Diz o filósofo, em texto de 2009: “a 'ciência' não pode jamais ser a autoridade última em nenhum assunto exceto dentro dos limites que a razão lhe prescreva, limites estes que por sua vez continuam sujeitos à crítica racional a qualquer momento e em qualquer circunstância do processo científica”.
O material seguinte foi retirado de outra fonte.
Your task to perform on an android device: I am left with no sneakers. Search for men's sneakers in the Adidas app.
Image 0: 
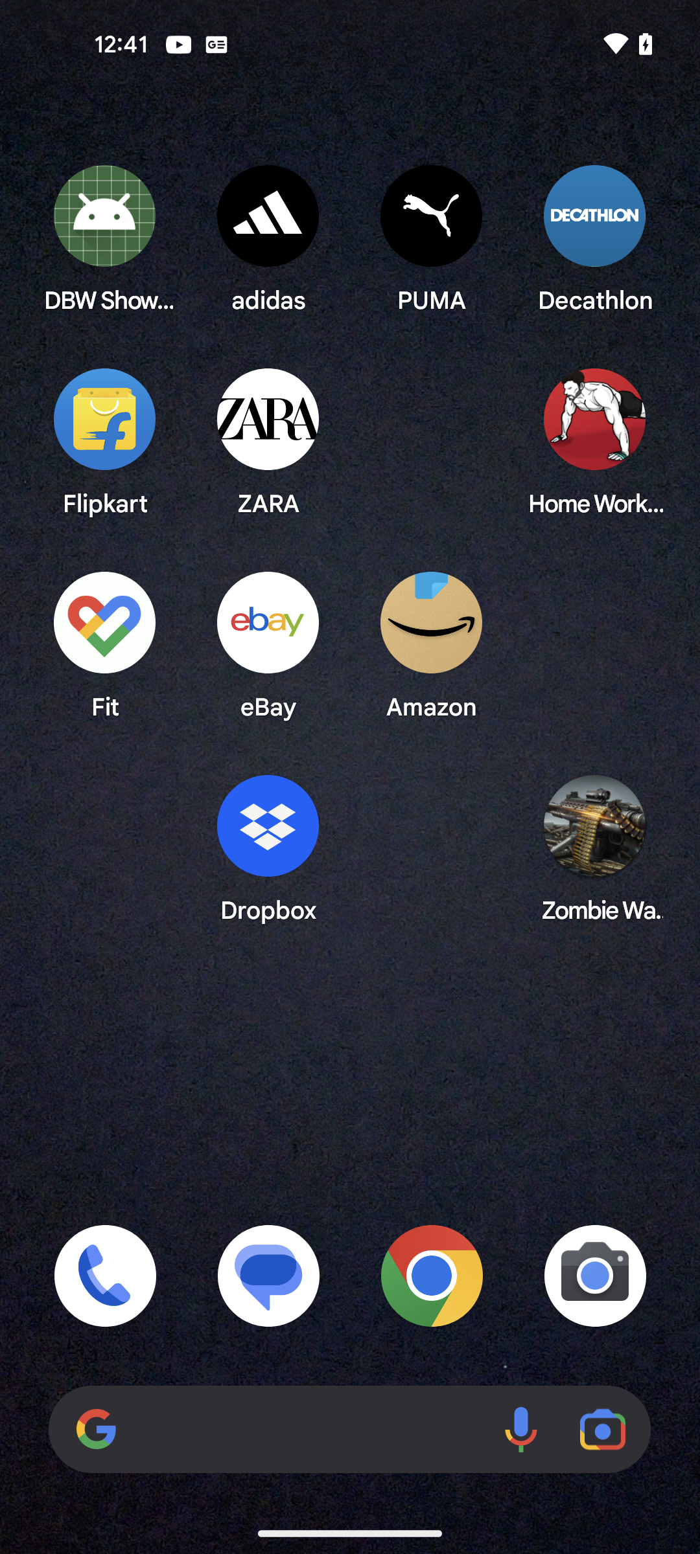
Open the Adidas app
Step 0: open app "adidas"
Image 1: 
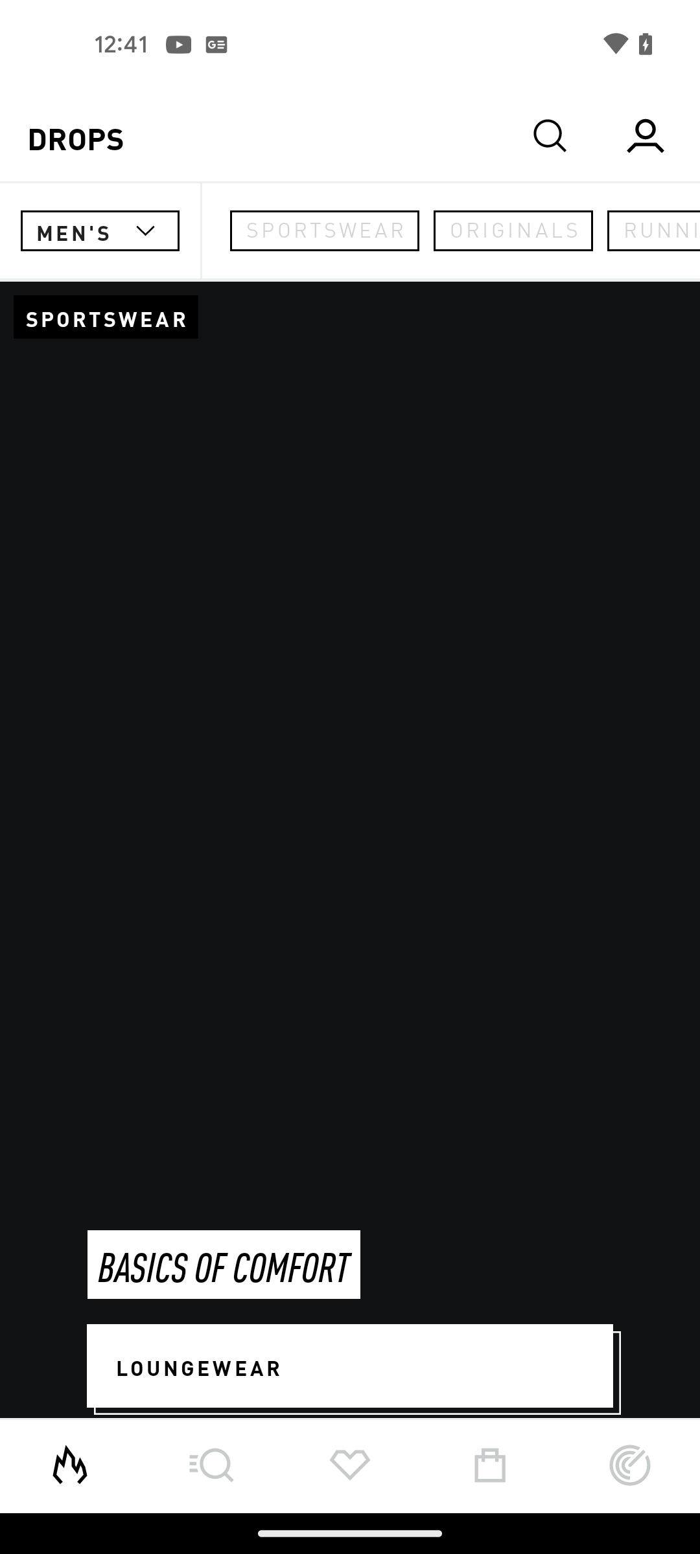
Click on the search icon at the top of the screen
Step 1: click (550, 135)
Image 2: 
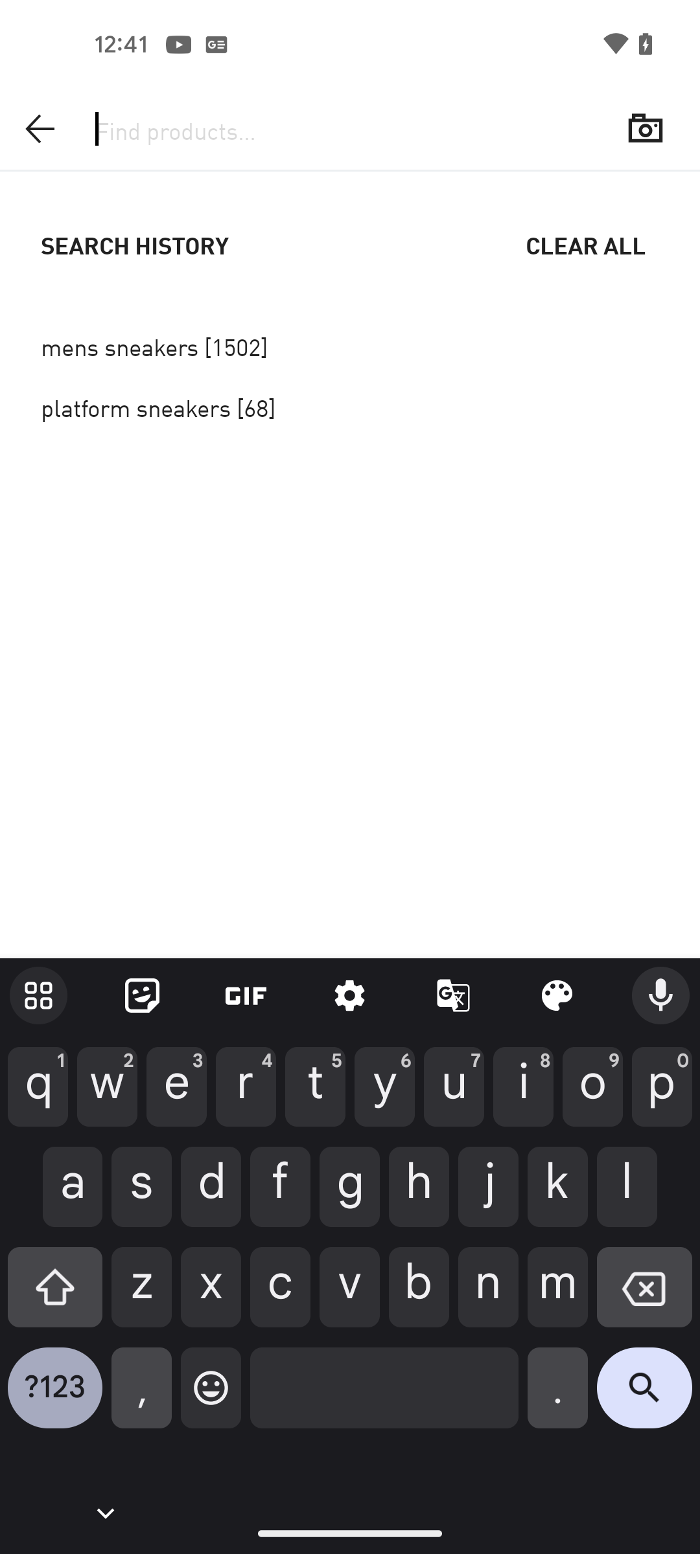
Search for Men's Sneakers in the search bar
Step 2: type "Men's Sneakers"
Image 4: 
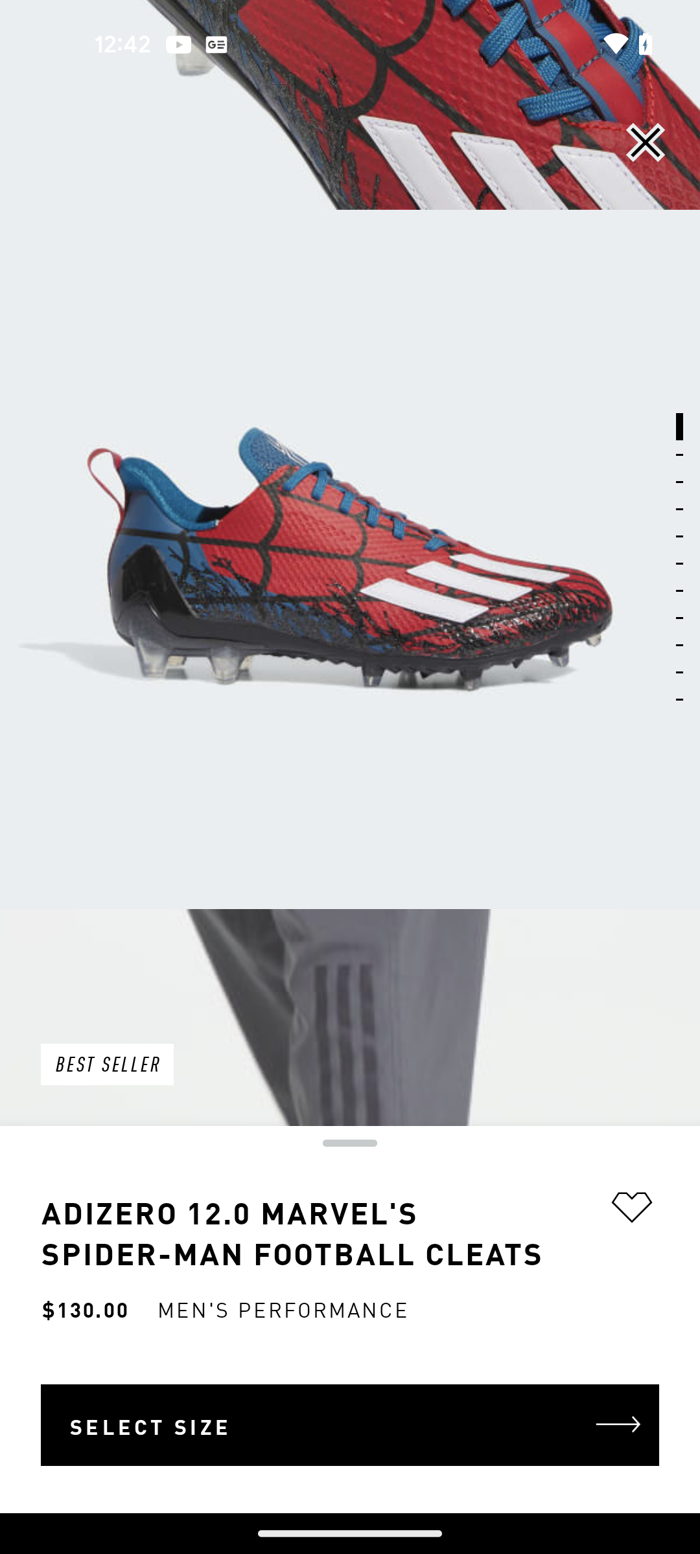
Close the Ad
Step 4: click (640, 159)
Image 5: 
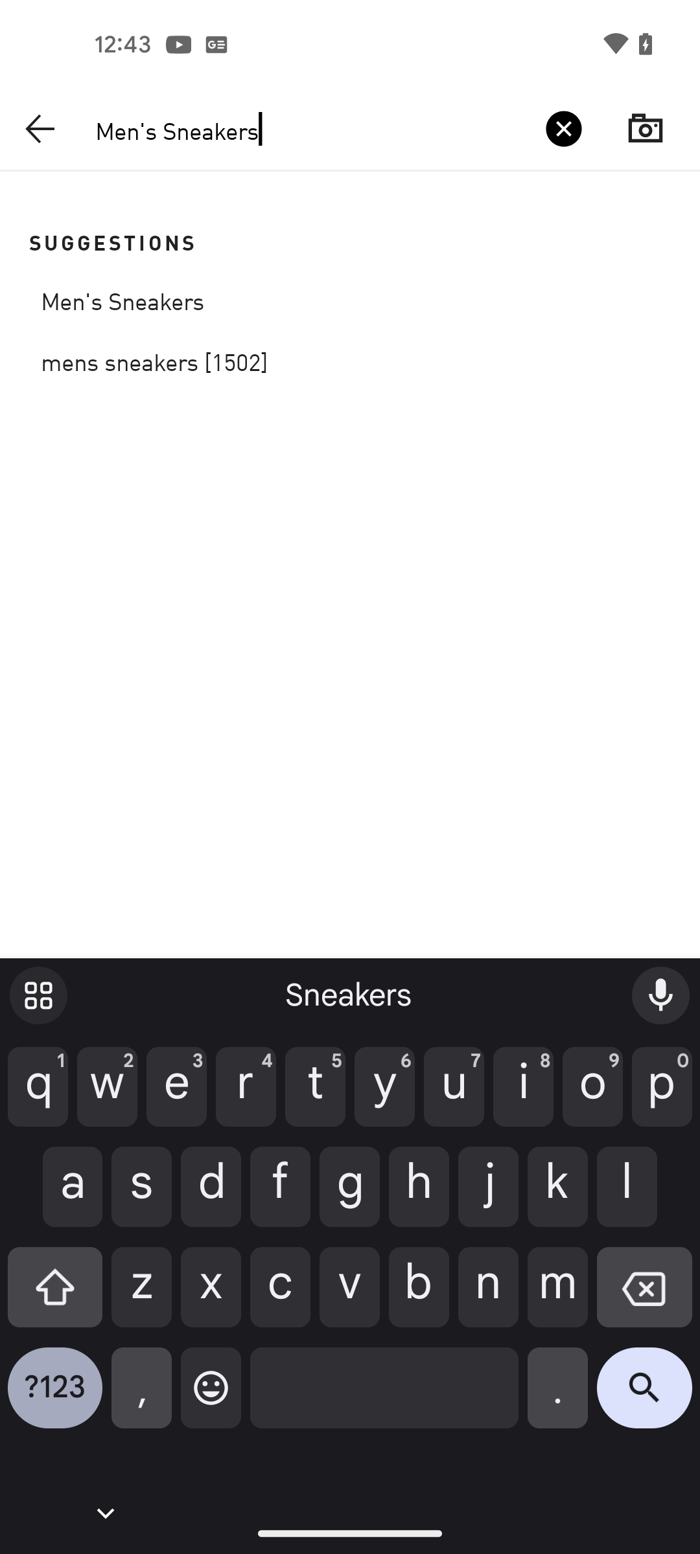
Click on the search button at the bottom right corner of the keyboard
Step 5: click (644, 1397)

Estante de livros na biblioteca Biblioteca Cassiano Ricardo, no Tatuapé, em São Paulo - Alberto Rocha/Folhapress

E continua: “A experiência humana tomada como totalidade ilimitada é a mais básica das realidades, ao passo que o objeto de cada ciência é uma construção hipotética erigida dentro de um recorte mais ou menos convencional dessa totalidade. Essa construção nada vale se amputada do fundo desde o qual se constituiu. O apego à autoridade da 'ciência', tal como hoje se vê na maior parte dos debates públicos, não é senão a busca de uma proteção fetichista, socialmente aprovada, contra as responsabilidades do uso da razão”. 

A ciência não é vista como uma investigação objetiva sobre a realidade, mas apenas como uma ferramenta auxiliar, sem valor absoluto em si. Nessa leitura, a ciência está submetida a uma certa compreensão de mundo. E quem define o que é certo? Olavo não diz no texto de 2009, mas deixou muitas pistas ao longo dos últimos meses, ao menos na relação entre ciência e governo.

Bolsonaro é retratado por Olavo como o intérprete preciso da voz do povo. Ele saberia, por instinto e formação, o que é a realidade produzida pelas pessoas comuns. Por dedução, se a ciência não diz o que Bolsonaro vê, logo a ciência está errada. O presidente da República passa a ser não somente o líder político do país mas alguém capaz de produzir a realidade como seu mais fiel tradutor. É outra gramática política, bem distante da praticada pelas democracias ocidentais desde a Segunda Guerra.  

A relativização científica de Olavo não é nova nem está apartada de um debate maior —mas isso é assunto para outra coluna, em outro momento. O fato é que o governo não vem atacando a ciência apenas com palavras, mas com atos. 

O MEC cortou financiamento para pesquisas ao longo de 2019 e deve afiar a tesoura para 2020. A área de pesquisas do ministério deve perder metade do seu orçamento para o próximo ano. O discurso anticientífico não é apenas papo de redes sociais. É política pública. O governo não apenas ataca os especialistas: tira dinheiro deles. 

Por isso soa tão estranha a política nacional de alfabetização proposta pelo governo Bolsonaro. O ministro da Educação, Abraham Weintraub, declarou que o objetivo é apenas colocar ciência nas medidas fomentadas pela pasta. Em todas as comunicações oficiais do MEC, o discurso é calcado na defesa das evidências e dos estudos internacionais.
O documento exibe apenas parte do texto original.